§ **What is required**:
The entries that follow must be given again exactly, with no pictures kept.
══════════════════════════════
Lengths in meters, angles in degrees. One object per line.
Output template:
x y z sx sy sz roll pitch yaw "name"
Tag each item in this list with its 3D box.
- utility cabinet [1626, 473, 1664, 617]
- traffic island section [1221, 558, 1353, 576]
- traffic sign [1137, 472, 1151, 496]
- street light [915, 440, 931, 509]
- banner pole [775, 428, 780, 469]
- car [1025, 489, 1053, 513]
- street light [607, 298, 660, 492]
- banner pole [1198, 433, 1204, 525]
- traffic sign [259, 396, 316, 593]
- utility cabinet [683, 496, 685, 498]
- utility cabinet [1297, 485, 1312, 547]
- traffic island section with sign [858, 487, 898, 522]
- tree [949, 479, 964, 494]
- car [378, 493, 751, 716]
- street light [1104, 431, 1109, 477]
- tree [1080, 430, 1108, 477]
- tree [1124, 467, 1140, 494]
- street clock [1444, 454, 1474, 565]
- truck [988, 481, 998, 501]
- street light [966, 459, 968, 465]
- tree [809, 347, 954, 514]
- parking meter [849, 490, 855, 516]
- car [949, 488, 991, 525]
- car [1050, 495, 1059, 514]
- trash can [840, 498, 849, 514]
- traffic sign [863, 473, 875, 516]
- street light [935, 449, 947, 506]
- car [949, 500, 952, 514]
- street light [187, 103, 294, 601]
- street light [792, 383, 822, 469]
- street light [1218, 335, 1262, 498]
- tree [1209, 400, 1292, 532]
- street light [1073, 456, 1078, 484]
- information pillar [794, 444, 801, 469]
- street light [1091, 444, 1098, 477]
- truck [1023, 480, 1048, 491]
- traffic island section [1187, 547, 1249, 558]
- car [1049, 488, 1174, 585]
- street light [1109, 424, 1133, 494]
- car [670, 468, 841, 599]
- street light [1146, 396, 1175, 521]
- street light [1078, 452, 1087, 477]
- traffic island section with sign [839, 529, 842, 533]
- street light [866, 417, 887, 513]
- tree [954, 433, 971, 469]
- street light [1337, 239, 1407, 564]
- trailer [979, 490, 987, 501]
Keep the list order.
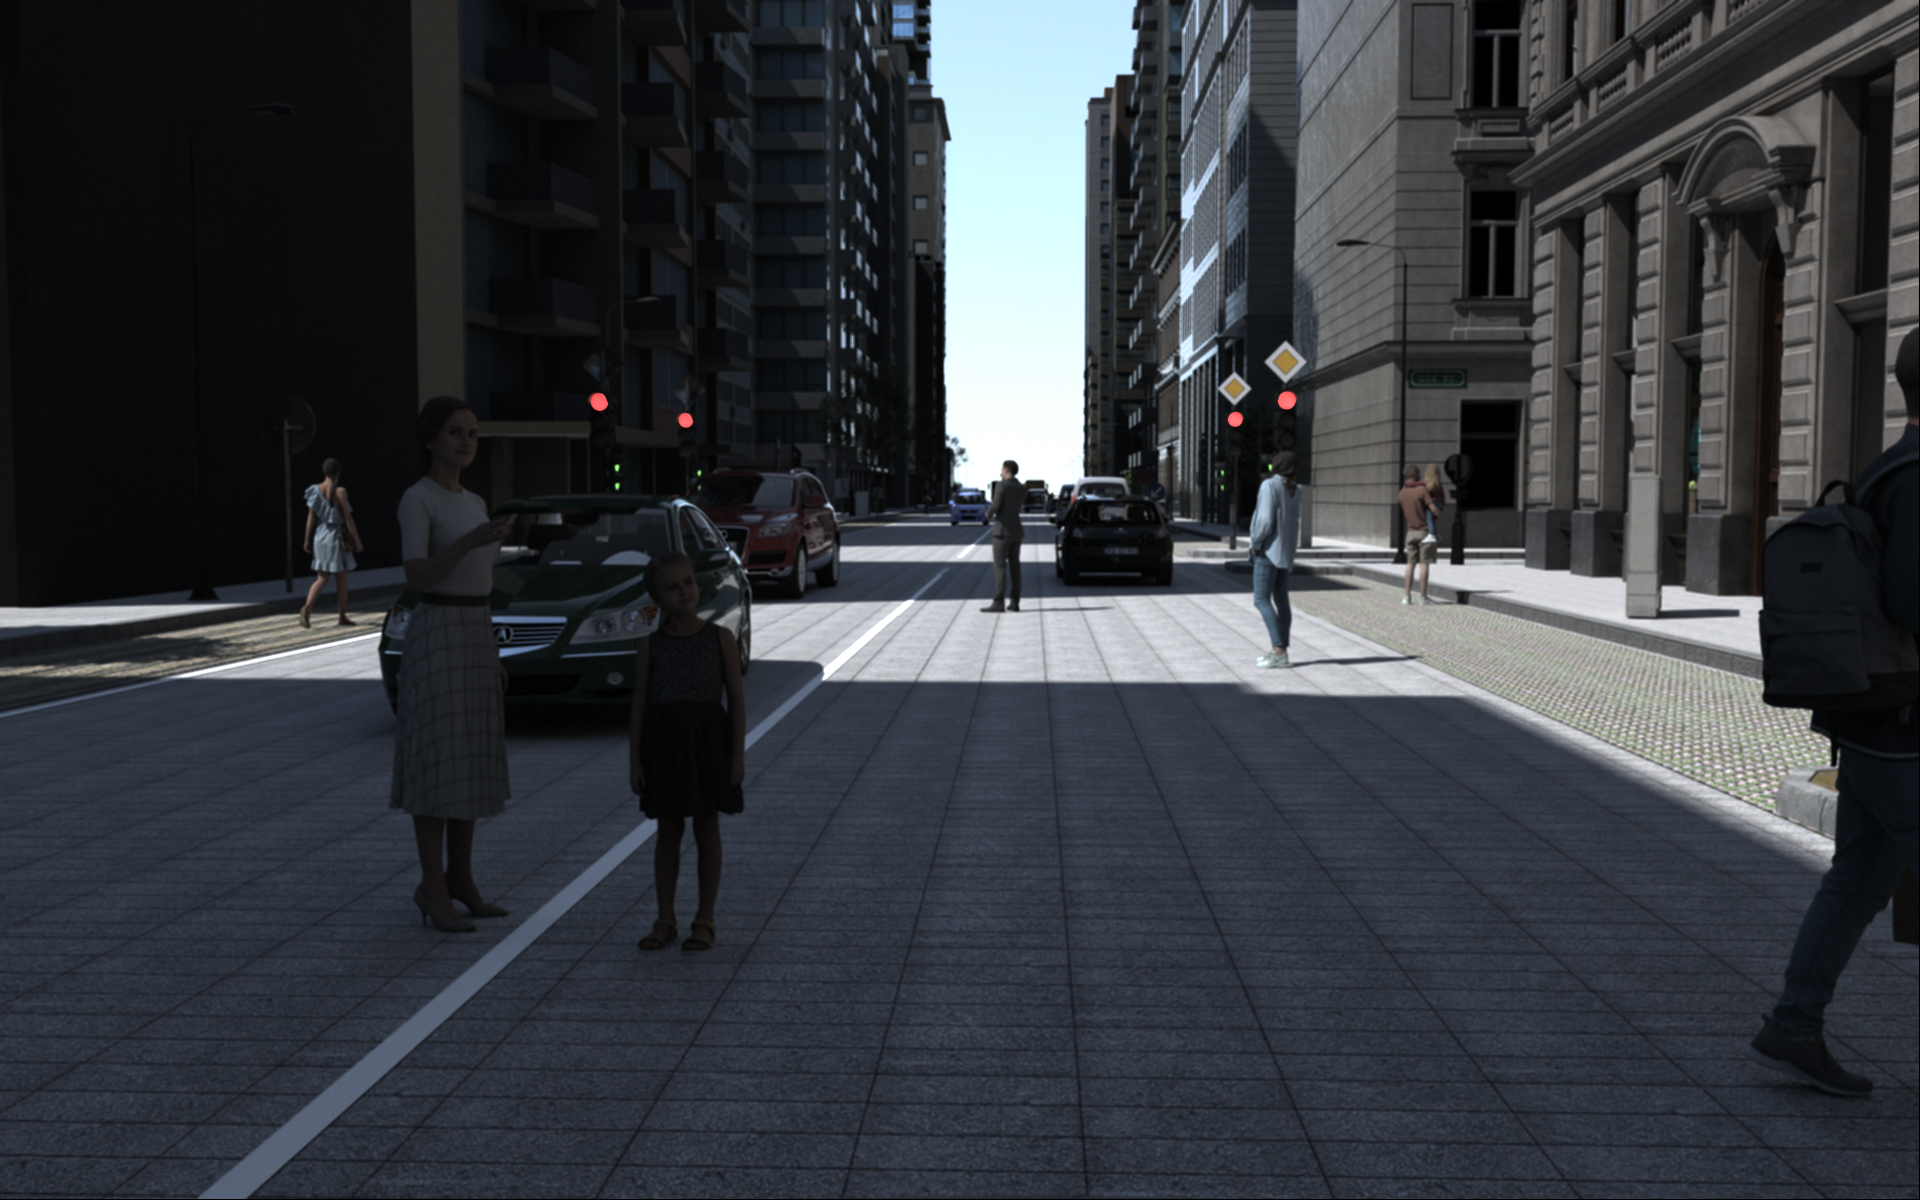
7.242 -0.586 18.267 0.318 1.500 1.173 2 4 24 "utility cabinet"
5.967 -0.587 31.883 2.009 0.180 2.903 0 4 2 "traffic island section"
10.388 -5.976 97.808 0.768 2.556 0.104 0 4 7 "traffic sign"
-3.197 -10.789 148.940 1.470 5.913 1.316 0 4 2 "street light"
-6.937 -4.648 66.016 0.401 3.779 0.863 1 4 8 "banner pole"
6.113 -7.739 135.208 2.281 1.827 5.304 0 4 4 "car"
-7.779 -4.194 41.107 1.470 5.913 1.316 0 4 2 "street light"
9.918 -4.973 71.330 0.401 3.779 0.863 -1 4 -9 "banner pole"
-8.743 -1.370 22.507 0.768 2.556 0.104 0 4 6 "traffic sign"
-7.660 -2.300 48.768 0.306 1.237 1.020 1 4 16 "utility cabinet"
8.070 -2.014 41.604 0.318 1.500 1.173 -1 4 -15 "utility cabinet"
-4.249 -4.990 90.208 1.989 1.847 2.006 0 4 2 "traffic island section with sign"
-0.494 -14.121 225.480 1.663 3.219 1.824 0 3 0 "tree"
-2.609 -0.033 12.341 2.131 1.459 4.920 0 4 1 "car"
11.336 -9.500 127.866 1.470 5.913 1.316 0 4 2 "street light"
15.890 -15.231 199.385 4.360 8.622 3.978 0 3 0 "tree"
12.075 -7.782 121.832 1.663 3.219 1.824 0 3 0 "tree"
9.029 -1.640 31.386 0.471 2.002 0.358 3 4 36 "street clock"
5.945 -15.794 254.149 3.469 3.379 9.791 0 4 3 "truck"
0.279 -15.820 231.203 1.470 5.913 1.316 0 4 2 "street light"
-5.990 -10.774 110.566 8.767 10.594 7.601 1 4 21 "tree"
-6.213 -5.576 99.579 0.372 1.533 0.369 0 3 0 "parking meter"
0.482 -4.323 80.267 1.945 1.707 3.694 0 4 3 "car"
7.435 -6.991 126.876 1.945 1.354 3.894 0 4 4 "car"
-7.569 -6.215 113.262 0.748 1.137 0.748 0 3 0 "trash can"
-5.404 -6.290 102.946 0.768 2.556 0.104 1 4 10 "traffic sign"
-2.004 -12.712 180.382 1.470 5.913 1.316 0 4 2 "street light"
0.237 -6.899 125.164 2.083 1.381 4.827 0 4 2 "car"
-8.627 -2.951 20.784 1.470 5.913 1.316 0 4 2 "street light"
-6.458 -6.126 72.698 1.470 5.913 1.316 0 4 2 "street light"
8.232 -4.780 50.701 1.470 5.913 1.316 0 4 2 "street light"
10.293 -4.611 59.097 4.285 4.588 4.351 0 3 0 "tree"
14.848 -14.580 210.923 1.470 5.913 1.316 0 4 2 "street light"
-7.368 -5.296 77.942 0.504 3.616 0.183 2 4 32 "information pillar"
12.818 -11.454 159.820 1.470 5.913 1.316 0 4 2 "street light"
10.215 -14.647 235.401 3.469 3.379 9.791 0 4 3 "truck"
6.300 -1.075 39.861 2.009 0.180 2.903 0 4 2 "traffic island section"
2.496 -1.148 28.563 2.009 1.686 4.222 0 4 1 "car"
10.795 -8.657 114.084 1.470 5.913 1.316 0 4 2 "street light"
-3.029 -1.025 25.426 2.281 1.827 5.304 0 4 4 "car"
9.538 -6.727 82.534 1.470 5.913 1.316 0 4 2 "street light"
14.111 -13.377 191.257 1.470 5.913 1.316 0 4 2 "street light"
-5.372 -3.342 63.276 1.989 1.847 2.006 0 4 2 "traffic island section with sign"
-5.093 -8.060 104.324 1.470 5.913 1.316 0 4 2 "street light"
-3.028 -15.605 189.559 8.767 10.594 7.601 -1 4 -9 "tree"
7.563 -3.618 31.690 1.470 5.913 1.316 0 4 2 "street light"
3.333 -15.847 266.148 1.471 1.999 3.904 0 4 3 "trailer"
══════════════════════════════
§ **Exercise output**:
Lengths in meters, angles in degrees. One object per line.
Output template:
x y z sx sy sz roll pitch yaw "name"
Tag each item in this list with its 3D box.
- utility cabinet [1626, 473, 1664, 617]
- traffic island section [1221, 558, 1353, 576]
- traffic sign [1137, 472, 1151, 496]
- street light [915, 440, 931, 509]
- banner pole [775, 428, 780, 469]
- car [1025, 489, 1053, 513]
- street light [607, 298, 660, 492]
- banner pole [1198, 433, 1204, 525]
- traffic sign [259, 396, 316, 593]
- utility cabinet [683, 496, 685, 498]
- utility cabinet [1297, 485, 1312, 547]
- traffic island section with sign [858, 487, 898, 522]
- tree [949, 479, 964, 494]
- car [378, 493, 751, 716]
- street light [1104, 431, 1109, 477]
- tree [1080, 430, 1108, 477]
- tree [1124, 467, 1140, 494]
- street clock [1444, 454, 1474, 565]
- truck [988, 481, 998, 501]
- street light [966, 459, 968, 465]
- tree [809, 347, 954, 514]
- parking meter [849, 490, 855, 516]
- car [949, 488, 991, 525]
- car [1050, 495, 1059, 514]
- trash can [840, 498, 849, 514]
- traffic sign [863, 473, 875, 516]
- street light [935, 449, 947, 506]
- car [949, 500, 952, 514]
- street light [187, 103, 294, 601]
- street light [792, 383, 822, 469]
- street light [1218, 335, 1262, 498]
- tree [1209, 400, 1292, 532]
- street light [1073, 456, 1078, 484]
- information pillar [794, 444, 801, 469]
- street light [1091, 444, 1098, 477]
- truck [1023, 480, 1048, 491]
- traffic island section [1187, 547, 1249, 558]
- car [1049, 488, 1174, 585]
- street light [1109, 424, 1133, 494]
- car [670, 468, 841, 599]
- street light [1146, 396, 1175, 521]
- street light [1078, 452, 1087, 477]
- traffic island section with sign [839, 529, 842, 533]
- street light [866, 417, 887, 513]
- tree [954, 433, 971, 469]
- street light [1337, 239, 1407, 564]
- trailer [979, 490, 987, 501]
Keep the list order.
7.242 -0.586 18.267 0.318 1.500 1.173 2 4 24 "utility cabinet"
5.967 -0.587 31.883 2.009 0.180 2.903 0 4 2 "traffic island section"
10.388 -5.976 97.808 0.768 2.556 0.104 0 4 7 "traffic sign"
-3.197 -10.789 148.940 1.470 5.913 1.316 0 4 2 "street light"
-6.937 -4.648 66.016 0.401 3.779 0.863 1 4 8 "banner pole"
6.113 -7.739 135.208 2.281 1.827 5.304 0 4 4 "car"
-7.779 -4.194 41.107 1.470 5.913 1.316 0 4 2 "street light"
9.918 -4.973 71.330 0.401 3.779 0.863 -1 4 -9 "banner pole"
-8.743 -1.370 22.507 0.768 2.556 0.104 0 4 6 "traffic sign"
-7.660 -2.300 48.768 0.306 1.237 1.020 1 4 16 "utility cabinet"
8.070 -2.014 41.604 0.318 1.500 1.173 -1 4 -15 "utility cabinet"
-4.249 -4.990 90.208 1.989 1.847 2.006 0 4 2 "traffic island section with sign"
-0.494 -14.121 225.480 1.663 3.219 1.824 0 3 0 "tree"
-2.609 -0.033 12.341 2.131 1.459 4.920 0 4 1 "car"
11.336 -9.500 127.866 1.470 5.913 1.316 0 4 2 "street light"
15.890 -15.231 199.385 4.360 8.622 3.978 0 3 0 "tree"
12.075 -7.782 121.832 1.663 3.219 1.824 0 3 0 "tree"
9.029 -1.640 31.386 0.471 2.002 0.358 3 4 36 "street clock"
5.945 -15.794 254.149 3.469 3.379 9.791 0 4 3 "truck"
0.279 -15.820 231.203 1.470 5.913 1.316 0 4 2 "street light"
-5.990 -10.774 110.566 8.767 10.594 7.601 1 4 21 "tree"
-6.213 -5.576 99.579 0.372 1.533 0.369 0 3 0 "parking meter"
0.482 -4.323 80.267 1.945 1.707 3.694 0 4 3 "car"
7.435 -6.991 126.876 1.945 1.354 3.894 0 4 4 "car"
-7.569 -6.215 113.262 0.748 1.137 0.748 0 3 0 "trash can"
-5.404 -6.290 102.946 0.768 2.556 0.104 1 4 10 "traffic sign"
-2.004 -12.712 180.382 1.470 5.913 1.316 0 4 2 "street light"
0.237 -6.899 125.164 2.083 1.381 4.827 0 4 2 "car"
-8.627 -2.951 20.784 1.470 5.913 1.316 0 4 2 "street light"
-6.458 -6.126 72.698 1.470 5.913 1.316 0 4 2 "street light"
8.232 -4.780 50.701 1.470 5.913 1.316 0 4 2 "street light"
10.293 -4.611 59.097 4.285 4.588 4.351 0 3 0 "tree"
14.848 -14.580 210.923 1.470 5.913 1.316 0 4 2 "street light"
-7.368 -5.296 77.942 0.504 3.616 0.183 2 4 32 "information pillar"
12.818 -11.454 159.820 1.470 5.913 1.316 0 4 2 "street light"
10.215 -14.647 235.401 3.469 3.379 9.791 0 4 3 "truck"
6.300 -1.075 39.861 2.009 0.180 2.903 0 4 2 "traffic island section"
2.496 -1.148 28.563 2.009 1.686 4.222 0 4 1 "car"
10.795 -8.657 114.084 1.470 5.913 1.316 0 4 2 "street light"
-3.029 -1.025 25.426 2.281 1.827 5.304 0 4 4 "car"
9.538 -6.727 82.534 1.470 5.913 1.316 0 4 2 "street light"
14.111 -13.377 191.257 1.470 5.913 1.316 0 4 2 "street light"
-5.372 -3.342 63.276 1.989 1.847 2.006 0 4 2 "traffic island section with sign"
-5.093 -8.060 104.324 1.470 5.913 1.316 0 4 2 "street light"
-3.028 -15.605 189.559 8.767 10.594 7.601 -1 4 -9 "tree"
7.563 -3.618 31.690 1.470 5.913 1.316 0 4 2 "street light"
3.333 -15.847 266.148 1.471 1.999 3.904 0 4 3 "trailer"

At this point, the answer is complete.